Only these lines, please: the first one of the records through the one containing "table_cell 1 [621, 930, 683, 960]", retyped exactly, both ends included and pictures omitted.

→ **Data items**:
........
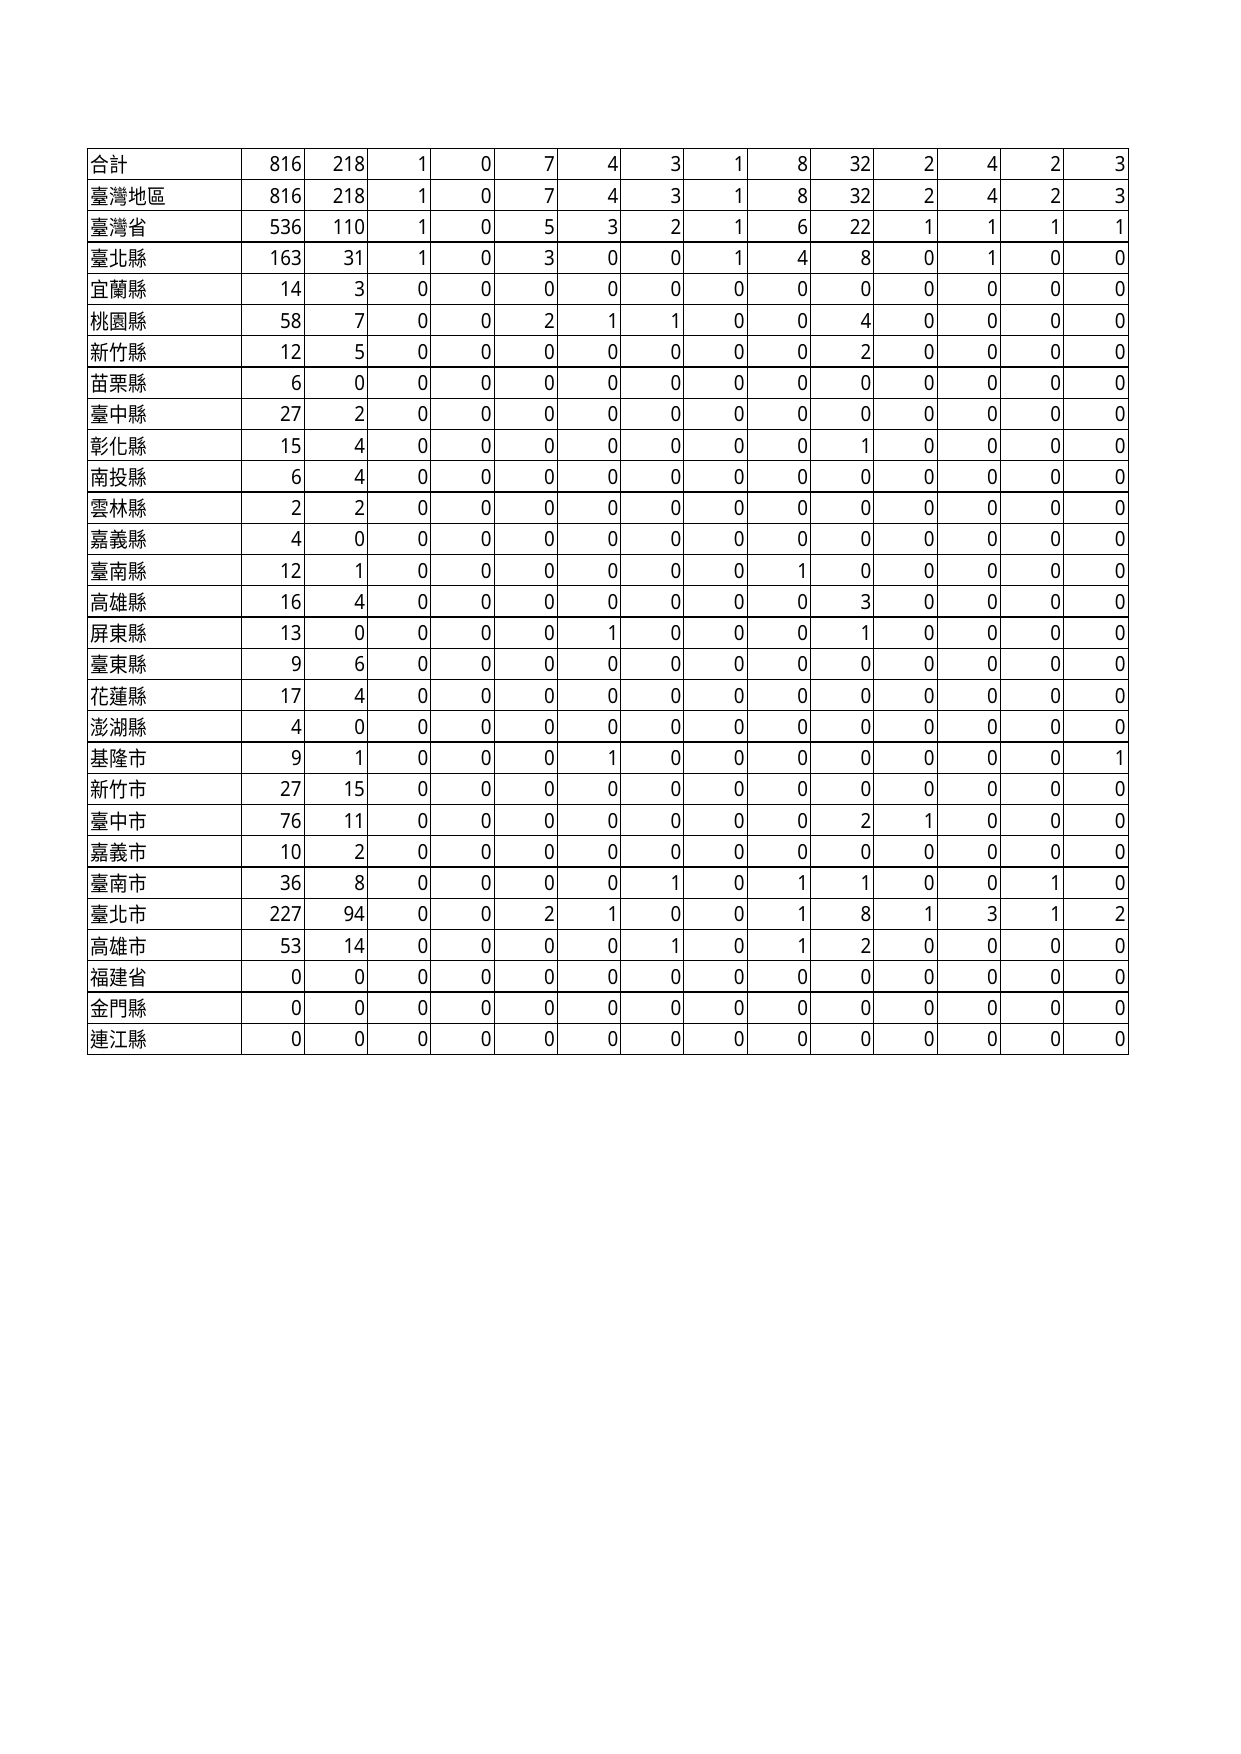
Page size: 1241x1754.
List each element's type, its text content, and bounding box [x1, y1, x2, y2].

table_cell 58 [242, 305, 304, 335]
table_cell 0 [621, 836, 683, 866]
table_cell 0 [368, 368, 430, 398]
table_cell 0 [938, 493, 1000, 523]
table_cell 0 [431, 680, 494, 710]
table_cell 0 [938, 1024, 1000, 1054]
table_cell 1 [684, 149, 747, 179]
table_cell 0 [431, 524, 494, 554]
table_cell 1 [621, 930, 683, 960]
table_cell 1 [1064, 743, 1128, 773]
table_cell 0 [1001, 586, 1063, 616]
table_cell 嘉義縣 [88, 524, 241, 554]
table_cell 0 [811, 711, 873, 741]
table_cell 4 [305, 430, 367, 460]
table_cell 3 [1064, 180, 1128, 210]
table_cell 0 [368, 618, 430, 648]
table_cell 2 [305, 836, 367, 866]
table_cell 0 [684, 743, 747, 773]
table_cell 0 [495, 524, 557, 554]
table_cell 0 [811, 399, 873, 429]
table_cell 0 [558, 493, 620, 523]
table_cell 0 [938, 555, 1000, 585]
table_cell 1 [1064, 211, 1128, 241]
table_cell 0 [811, 680, 873, 710]
table_cell 0 [431, 993, 494, 1023]
table_cell 0 [431, 430, 494, 460]
table_cell 0 [558, 399, 620, 429]
table_cell 0 [1064, 1024, 1128, 1054]
table_cell 0 [811, 555, 873, 585]
table_cell 32 [811, 149, 873, 179]
table_cell 0 [938, 618, 1000, 648]
table_cell 0 [874, 836, 937, 866]
table_cell 0 [368, 961, 430, 991]
table_cell 0 [748, 961, 810, 991]
table_cell 4 [558, 180, 620, 210]
table_cell 新竹縣 [88, 336, 241, 366]
table_cell 0 [368, 805, 430, 835]
table_cell 0 [874, 1024, 937, 1054]
table_cell 0 [368, 899, 430, 929]
table_cell 27 [242, 399, 304, 429]
table_cell 0 [684, 868, 747, 898]
table_cell 0 [811, 774, 873, 804]
table_cell 0 [684, 711, 747, 741]
table_cell 0 [621, 586, 683, 616]
table_cell 0 [1064, 461, 1128, 491]
table_cell 2 [621, 211, 683, 241]
table_cell 彰化縣 [88, 430, 241, 460]
table_cell 0 [748, 649, 810, 679]
table_cell 0 [748, 274, 810, 304]
table_cell 0 [874, 274, 937, 304]
table_cell 1 [684, 211, 747, 241]
table_cell 0 [368, 524, 430, 554]
table_cell 0 [558, 586, 620, 616]
table_cell 0 [495, 555, 557, 585]
table_cell 816 [242, 149, 304, 179]
table_cell 臺東縣 [88, 649, 241, 679]
table_cell 1 [748, 930, 810, 960]
table_cell 0 [431, 1024, 494, 1054]
table_cell 13 [242, 618, 304, 648]
table_cell 0 [1001, 243, 1063, 273]
table_cell 0 [558, 774, 620, 804]
table_cell 0 [621, 555, 683, 585]
table_cell 2 [495, 899, 557, 929]
table_cell 0 [1064, 555, 1128, 585]
table_cell 0 [874, 524, 937, 554]
table_cell 536 [242, 211, 304, 241]
table_cell 0 [368, 493, 430, 523]
table_cell 2 [874, 149, 937, 179]
table_cell 0 [558, 555, 620, 585]
table_cell 0 [431, 243, 494, 273]
table_cell 0 [431, 649, 494, 679]
table_cell 0 [431, 868, 494, 898]
table_cell 6 [242, 368, 304, 398]
table_cell 0 [558, 993, 620, 1023]
table_cell 0 [684, 274, 747, 304]
table_cell 0 [431, 336, 494, 366]
table_cell 0 [431, 586, 494, 616]
table_cell 0 [431, 399, 494, 429]
table_cell 0 [1001, 993, 1063, 1023]
table_cell 17 [242, 680, 304, 710]
table_cell 基隆市 [88, 743, 241, 773]
table_cell 0 [1064, 618, 1128, 648]
table_cell 0 [1001, 680, 1063, 710]
table_cell 0 [558, 1024, 620, 1054]
table_cell 3 [495, 243, 557, 273]
table_cell 0 [368, 774, 430, 804]
table_cell 1 [748, 868, 810, 898]
table_cell 0 [748, 524, 810, 554]
table_cell 0 [558, 836, 620, 866]
table_cell 0 [748, 336, 810, 366]
table_cell 1 [938, 211, 1000, 241]
table_cell 0 [1001, 399, 1063, 429]
table_cell 76 [242, 805, 304, 835]
table_cell 53 [242, 930, 304, 960]
table_cell 連江縣 [88, 1024, 241, 1054]
table_cell 0 [495, 680, 557, 710]
table_cell 0 [938, 305, 1000, 335]
table_cell 0 [621, 680, 683, 710]
table_cell 宜蘭縣 [88, 274, 241, 304]
table_cell 0 [684, 899, 747, 929]
table_cell 94 [305, 899, 367, 929]
table_cell 11 [305, 805, 367, 835]
table_cell 4 [242, 524, 304, 554]
table_cell 8 [305, 868, 367, 898]
table_cell 4 [558, 149, 620, 179]
table_cell 0 [684, 805, 747, 835]
table_cell 臺中市 [88, 805, 241, 835]
table_cell 0 [368, 680, 430, 710]
table_cell 0 [1001, 836, 1063, 866]
table_cell 0 [684, 586, 747, 616]
table_cell 0 [368, 586, 430, 616]
table_cell 0 [811, 836, 873, 866]
table_cell 9 [242, 649, 304, 679]
table_cell 0 [495, 930, 557, 960]
table_cell 0 [684, 680, 747, 710]
table_cell 花蓮縣 [88, 680, 241, 710]
table_cell 0 [495, 336, 557, 366]
table_cell 0 [1001, 336, 1063, 366]
table_cell 0 [684, 555, 747, 585]
table_cell 0 [684, 461, 747, 491]
table_cell 0 [495, 430, 557, 460]
table_cell 4 [305, 586, 367, 616]
table_cell 臺北縣 [88, 243, 241, 273]
table_cell 0 [874, 368, 937, 398]
table_cell 合計 [88, 149, 241, 179]
table_cell 福建省 [88, 961, 241, 991]
table_cell 0 [431, 899, 494, 929]
table_cell 0 [305, 711, 367, 741]
table_cell 9 [242, 743, 304, 773]
table_cell 8 [748, 149, 810, 179]
table_cell 0 [1064, 711, 1128, 741]
table_cell 4 [242, 711, 304, 741]
table_cell 0 [621, 430, 683, 460]
table_cell 0 [1064, 243, 1128, 273]
table_cell 0 [938, 368, 1000, 398]
table_cell 4 [748, 243, 810, 273]
table_cell 12 [242, 555, 304, 585]
table_cell 0 [938, 430, 1000, 460]
table_cell 0 [874, 430, 937, 460]
table_cell 0 [495, 961, 557, 991]
table_cell 0 [368, 461, 430, 491]
table_cell 臺南市 [88, 868, 241, 898]
table_cell 4 [938, 180, 1000, 210]
table_cell 0 [1001, 930, 1063, 960]
table_cell 0 [495, 1024, 557, 1054]
table_cell 0 [748, 368, 810, 398]
table_cell 4 [305, 680, 367, 710]
table_cell 0 [305, 524, 367, 554]
table_cell 臺南縣 [88, 555, 241, 585]
table_cell 0 [684, 493, 747, 523]
table_cell 0 [621, 618, 683, 648]
table_cell 0 [431, 211, 494, 241]
table_cell 0 [1001, 618, 1063, 648]
table_cell 0 [874, 993, 937, 1023]
table_cell 0 [748, 774, 810, 804]
table_cell 0 [1064, 836, 1128, 866]
table_cell 0 [1001, 493, 1063, 523]
table_cell 4 [305, 461, 367, 491]
table_cell 0 [558, 649, 620, 679]
table_cell 0 [495, 493, 557, 523]
table_cell 0 [368, 743, 430, 773]
table_cell 2 [305, 493, 367, 523]
table_cell 0 [1064, 961, 1128, 991]
table_cell 0 [938, 586, 1000, 616]
table_cell 0 [874, 711, 937, 741]
table_cell 2 [305, 399, 367, 429]
table_cell 1 [938, 243, 1000, 273]
table_cell 0 [748, 743, 810, 773]
table_cell 0 [558, 243, 620, 273]
table_cell 0 [811, 961, 873, 991]
table_cell 臺灣地區 [88, 180, 241, 210]
table_cell 0 [811, 524, 873, 554]
table_cell 0 [558, 336, 620, 366]
table_cell 32 [811, 180, 873, 210]
table_cell 0 [874, 586, 937, 616]
table_cell 0 [621, 899, 683, 929]
table_cell 1 [305, 743, 367, 773]
table_cell 0 [431, 805, 494, 835]
table_cell 0 [684, 774, 747, 804]
table_cell 0 [1064, 649, 1128, 679]
table_cell 2 [242, 493, 304, 523]
table_cell 36 [242, 868, 304, 898]
table_cell 臺中縣 [88, 399, 241, 429]
table_cell 0 [495, 649, 557, 679]
table_cell 0 [621, 774, 683, 804]
table_cell 0 [874, 555, 937, 585]
table_cell 15 [305, 774, 367, 804]
table_cell 0 [1064, 774, 1128, 804]
table_cell 0 [1064, 805, 1128, 835]
table_cell 0 [621, 399, 683, 429]
table_cell 0 [621, 1024, 683, 1054]
table_cell 1 [748, 899, 810, 929]
table_cell 0 [368, 336, 430, 366]
table_cell 0 [621, 743, 683, 773]
table_cell 0 [1064, 368, 1128, 398]
table_cell 1 [368, 180, 430, 210]
table_cell 0 [431, 836, 494, 866]
table_cell 1 [305, 555, 367, 585]
table_cell 0 [1001, 711, 1063, 741]
table_cell 0 [495, 868, 557, 898]
table_cell 0 [1064, 493, 1128, 523]
table_cell 12 [242, 336, 304, 366]
table_cell 0 [495, 774, 557, 804]
table_cell 0 [1064, 274, 1128, 304]
table_cell 0 [684, 524, 747, 554]
table_cell 0 [938, 399, 1000, 429]
table_cell 0 [621, 493, 683, 523]
table_cell 0 [811, 993, 873, 1023]
table_cell 0 [938, 961, 1000, 991]
table_cell 0 [495, 805, 557, 835]
table_cell 0 [368, 649, 430, 679]
table_cell 1 [874, 805, 937, 835]
table_cell 0 [621, 805, 683, 835]
table_cell 0 [621, 524, 683, 554]
table_cell 1 [621, 305, 683, 335]
table_cell 2 [811, 930, 873, 960]
table_cell 0 [621, 711, 683, 741]
table_cell 0 [495, 836, 557, 866]
table_cell 0 [495, 274, 557, 304]
table_cell 7 [495, 180, 557, 210]
table_cell 0 [684, 368, 747, 398]
table_cell 0 [874, 743, 937, 773]
table_cell 0 [558, 461, 620, 491]
table_cell 0 [1064, 430, 1128, 460]
table_cell 0 [811, 493, 873, 523]
table_cell 0 [621, 961, 683, 991]
table_cell 0 [368, 555, 430, 585]
table_cell 0 [1064, 680, 1128, 710]
table_cell 0 [1001, 649, 1063, 679]
table_cell 0 [495, 711, 557, 741]
table_cell 0 [938, 993, 1000, 1023]
table_cell 0 [874, 336, 937, 366]
table_cell 0 [495, 368, 557, 398]
table_cell 0 [558, 368, 620, 398]
table_cell 0 [242, 993, 304, 1023]
table_cell 0 [1001, 430, 1063, 460]
table_cell 0 [748, 430, 810, 460]
table_cell 3 [621, 180, 683, 210]
table_cell 0 [1064, 399, 1128, 429]
table_cell 227 [242, 899, 304, 929]
table_cell 1 [811, 868, 873, 898]
table_cell 4 [938, 149, 1000, 179]
table_cell 臺灣省 [88, 211, 241, 241]
table_cell 0 [621, 243, 683, 273]
table_cell 0 [431, 774, 494, 804]
table_cell 3 [305, 274, 367, 304]
table_cell 0 [368, 305, 430, 335]
table_cell 0 [558, 711, 620, 741]
table_cell 0 [368, 930, 430, 960]
table_cell 0 [684, 649, 747, 679]
table_cell 27 [242, 774, 304, 804]
table_cell 0 [811, 1024, 873, 1054]
table_cell 0 [684, 336, 747, 366]
table_cell 0 [1001, 961, 1063, 991]
table_cell 新竹市 [88, 774, 241, 804]
table_cell 0 [558, 930, 620, 960]
table_cell 0 [431, 493, 494, 523]
table_cell 0 [748, 836, 810, 866]
table_cell 0 [748, 1024, 810, 1054]
table_cell 桃園縣 [88, 305, 241, 335]
table_cell 0 [811, 368, 873, 398]
table_cell 0 [368, 430, 430, 460]
table_cell 110 [305, 211, 367, 241]
table_cell 0 [874, 243, 937, 273]
table_cell 0 [431, 149, 494, 179]
table_cell 0 [495, 618, 557, 648]
table_cell 0 [305, 618, 367, 648]
table_cell 0 [1064, 930, 1128, 960]
table_cell 0 [938, 805, 1000, 835]
table_cell 2 [811, 336, 873, 366]
table_cell 0 [874, 305, 937, 335]
table_cell 0 [368, 993, 430, 1023]
table_cell 澎湖縣 [88, 711, 241, 741]
table_cell 0 [368, 1024, 430, 1054]
table_cell 0 [684, 836, 747, 866]
table_cell 0 [1064, 993, 1128, 1023]
table_cell 0 [874, 399, 937, 429]
table_cell 14 [305, 930, 367, 960]
table_cell 3 [1064, 149, 1128, 179]
table_cell 0 [495, 993, 557, 1023]
table_cell 0 [558, 805, 620, 835]
table_cell 0 [748, 461, 810, 491]
table_cell 0 [811, 461, 873, 491]
table_cell 0 [431, 961, 494, 991]
table_cell 0 [684, 930, 747, 960]
table_cell 0 [558, 274, 620, 304]
table_cell 0 [748, 680, 810, 710]
table_cell 0 [495, 586, 557, 616]
table_cell 0 [368, 868, 430, 898]
table_cell 0 [621, 649, 683, 679]
table_cell 16 [242, 586, 304, 616]
table_cell 1 [558, 618, 620, 648]
table_cell 0 [748, 618, 810, 648]
table_cell 0 [431, 711, 494, 741]
table_cell 0 [431, 930, 494, 960]
table_cell 0 [938, 524, 1000, 554]
table_cell 1 [811, 618, 873, 648]
table_cell 0 [938, 274, 1000, 304]
table_cell 2 [811, 805, 873, 835]
table_cell 0 [938, 868, 1000, 898]
table_cell 8 [748, 180, 810, 210]
table_cell 0 [431, 461, 494, 491]
table_cell 0 [621, 274, 683, 304]
table_cell 7 [305, 305, 367, 335]
table_cell 0 [368, 399, 430, 429]
table_cell 6 [242, 461, 304, 491]
table_cell 0 [495, 461, 557, 491]
table_cell 0 [1001, 1024, 1063, 1054]
table_cell 0 [748, 586, 810, 616]
table_cell 0 [811, 274, 873, 304]
table_cell 816 [242, 180, 304, 210]
table_cell 0 [874, 930, 937, 960]
table_cell 0 [684, 399, 747, 429]
table_cell 163 [242, 243, 304, 273]
table_cell 0 [305, 368, 367, 398]
table_cell 1 [1001, 211, 1063, 241]
table_cell 8 [811, 243, 873, 273]
table_cell 0 [1001, 555, 1063, 585]
table_cell 2 [874, 180, 937, 210]
table_cell 1 [874, 899, 937, 929]
table_cell 0 [1064, 305, 1128, 335]
table_cell 0 [938, 649, 1000, 679]
table_cell 高雄市 [88, 930, 241, 960]
table_cell 苗栗縣 [88, 368, 241, 398]
table_cell 0 [748, 993, 810, 1023]
table_cell 金門縣 [88, 993, 241, 1023]
table_cell 0 [305, 993, 367, 1023]
table_cell 0 [874, 774, 937, 804]
table_cell 1 [1001, 868, 1063, 898]
table_cell 0 [431, 368, 494, 398]
table_cell 0 [748, 399, 810, 429]
table_cell 0 [684, 1024, 747, 1054]
table_cell 0 [748, 305, 810, 335]
table_cell 2 [1001, 180, 1063, 210]
table_cell 1 [684, 243, 747, 273]
table_cell 10 [242, 836, 304, 866]
table_cell 31 [305, 243, 367, 273]
table_cell 15 [242, 430, 304, 460]
table_cell 0 [621, 368, 683, 398]
table_cell 0 [1001, 305, 1063, 335]
table_cell 7 [495, 149, 557, 179]
table_cell 6 [748, 211, 810, 241]
table_cell 0 [495, 743, 557, 773]
table_cell 0 [1001, 743, 1063, 773]
table_cell 高雄縣 [88, 586, 241, 616]
table_cell 0 [874, 961, 937, 991]
table_cell 8 [811, 899, 873, 929]
table_cell 0 [558, 961, 620, 991]
table_cell 0 [684, 961, 747, 991]
table_cell 218 [305, 180, 367, 210]
table_cell 0 [684, 305, 747, 335]
table_cell 0 [495, 399, 557, 429]
table_cell 0 [811, 743, 873, 773]
table_cell 0 [431, 180, 494, 210]
table_cell 0 [874, 618, 937, 648]
table_cell 3 [938, 899, 1000, 929]
table_cell 0 [558, 524, 620, 554]
table_cell 2 [1064, 899, 1128, 929]
table_cell 0 [1064, 868, 1128, 898]
table_cell 0 [748, 493, 810, 523]
table_cell 5 [305, 336, 367, 366]
table_cell 14 [242, 274, 304, 304]
table_cell 1 [558, 899, 620, 929]
table_cell 0 [242, 961, 304, 991]
table_cell 0 [1001, 805, 1063, 835]
table_cell 0 [621, 336, 683, 366]
table_cell 0 [1001, 274, 1063, 304]
table_cell 0 [748, 805, 810, 835]
table_cell 2 [1001, 149, 1063, 179]
table_cell 0 [431, 274, 494, 304]
table_cell 雲林縣 [88, 493, 241, 523]
table_cell 0 [1001, 774, 1063, 804]
table_cell 0 [938, 836, 1000, 866]
table_cell 1 [874, 211, 937, 241]
table_cell 0 [684, 993, 747, 1023]
table_cell 1 [621, 868, 683, 898]
table_cell 0 [242, 1024, 304, 1054]
table_cell 0 [431, 305, 494, 335]
table_cell 0 [938, 336, 1000, 366]
table_cell 3 [558, 211, 620, 241]
table_cell 0 [1001, 368, 1063, 398]
table_cell 0 [368, 274, 430, 304]
table_cell 1 [368, 149, 430, 179]
table_cell 0 [938, 930, 1000, 960]
table_cell 南投縣 [88, 461, 241, 491]
table_cell 4 [811, 305, 873, 335]
table_cell 0 [1064, 586, 1128, 616]
table_cell 0 [874, 868, 937, 898]
table_cell 0 [1001, 524, 1063, 554]
table_cell 0 [874, 649, 937, 679]
table_cell 6 [305, 649, 367, 679]
table_cell 0 [431, 618, 494, 648]
table_cell 0 [874, 493, 937, 523]
table_cell 0 [305, 1024, 367, 1054]
table_cell 0 [748, 711, 810, 741]
table_cell 0 [558, 430, 620, 460]
table_cell 0 [938, 680, 1000, 710]
table_cell 0 [305, 961, 367, 991]
table_cell 0 [938, 711, 1000, 741]
table_cell 22 [811, 211, 873, 241]
table_cell 1 [558, 743, 620, 773]
table_cell 0 [431, 555, 494, 585]
table_cell 0 [684, 430, 747, 460]
table_cell 屏東縣 [88, 618, 241, 648]
table_cell 0 [1001, 461, 1063, 491]
table_cell 0 [684, 618, 747, 648]
table_cell 1 [368, 243, 430, 273]
table_cell 0 [558, 680, 620, 710]
table_cell 0 [1064, 336, 1128, 366]
table_cell 0 [1064, 524, 1128, 554]
table_cell 218 [305, 149, 367, 179]
table_cell 0 [938, 743, 1000, 773]
table_cell 0 [621, 993, 683, 1023]
table_cell 5 [495, 211, 557, 241]
table_cell 0 [558, 868, 620, 898]
table_cell 1 [1001, 899, 1063, 929]
table_cell 3 [811, 586, 873, 616]
table_cell 0 [368, 836, 430, 866]
table_cell 1 [558, 305, 620, 335]
table_cell 0 [874, 680, 937, 710]
table_cell 0 [938, 774, 1000, 804]
table_cell 0 [431, 743, 494, 773]
table_cell 1 [368, 211, 430, 241]
table_cell 1 [811, 430, 873, 460]
table_cell 3 [621, 149, 683, 179]
table_cell 0 [368, 711, 430, 741]
table_cell 0 [811, 649, 873, 679]
table_cell 臺北市 [88, 899, 241, 929]
table_cell 0 [874, 461, 937, 491]
table_cell 0 [938, 461, 1000, 491]
table_cell 0 [621, 461, 683, 491]
table_cell 嘉義市 [88, 836, 241, 866]
table_cell 1 [748, 555, 810, 585]
table_cell 2 [495, 305, 557, 335]
table_cell 1 [684, 180, 747, 210]
........
→ **EXERCISE ANSWER**:
Page size: 1241x1754.
List each element's type, its text content, and bounding box [x1, y1, x2, y2].

table_cell 58 [242, 305, 304, 335]
table_cell 0 [621, 836, 683, 866]
table_cell 0 [368, 368, 430, 398]
table_cell 0 [938, 493, 1000, 523]
table_cell 0 [431, 680, 494, 710]
table_cell 0 [938, 1024, 1000, 1054]
table_cell 1 [684, 149, 747, 179]
table_cell 0 [431, 524, 494, 554]
table_cell 1 [621, 930, 683, 960]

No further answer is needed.